3. Assess the Commercial Potential of Your Invention

Applying for a patent is a business decision. Even without a patent attorney or the use of professionally prepared patent drawings, it costs approximately $1,500 in fees to file and obtain a patent from the USPTO. Before you spend the time and money to file a patent application, you need to research the market you hope to enter and decide whether it’s worth the outlay of funds.

4. Do a Thorough Patent Search

To make sure your invention is new, you need to search all the earlier developments in your field. This involves searching U.S. (and sometimes foreign) patents, as well as other publications like scientific and technical journals, to find related inventions.

Although patent searching is time consuming, it can be mastered with practice.
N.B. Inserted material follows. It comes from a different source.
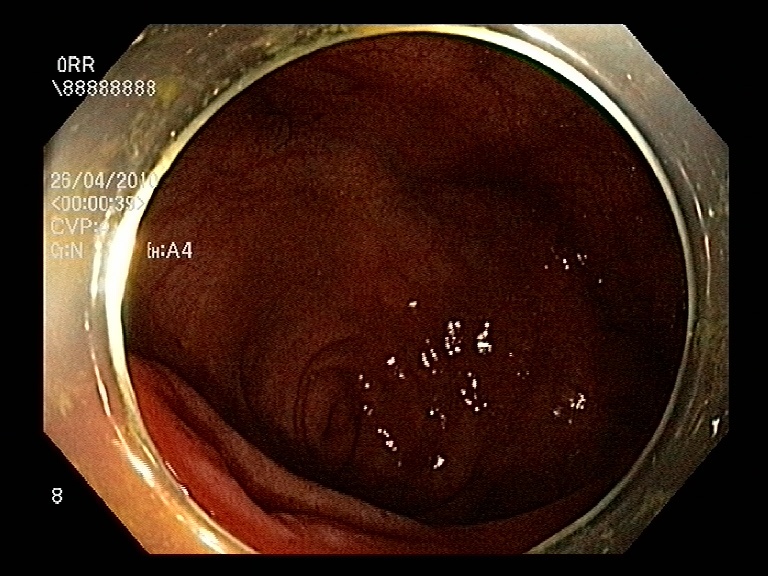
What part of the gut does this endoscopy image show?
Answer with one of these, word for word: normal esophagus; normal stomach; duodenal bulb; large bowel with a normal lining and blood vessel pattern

Even if you decide to hire a professional later on in the process, you know the most about your invention, so you are the best person to start the search.

You can start your research on the Internet, but you may also want to visit a Patent and Trademark Depository Library, where you can search earlier patents and get help from a librarian.

5. Prepare and File an Application With the USPTO

When you file with the USPTO, you can either file a full-blown regular patent application (RPA) or a provisional patent application (PPA).

Provisional patent application (PPA): A PPA is not an actual application for the patent itself. Filing a PPA simply allows you to claim patent pending status for the invention and involves only a small fraction of the work and cost of a regular patent application.

All that is required to file a PPA is a fee of $110 ($220 for large companies), a detailed description of the invention, telling how to make and use it, and an informal drawing. Then, you must file an RPA within a year of filing the PPA. If you don’t, you can no longer claim the PPA filing date.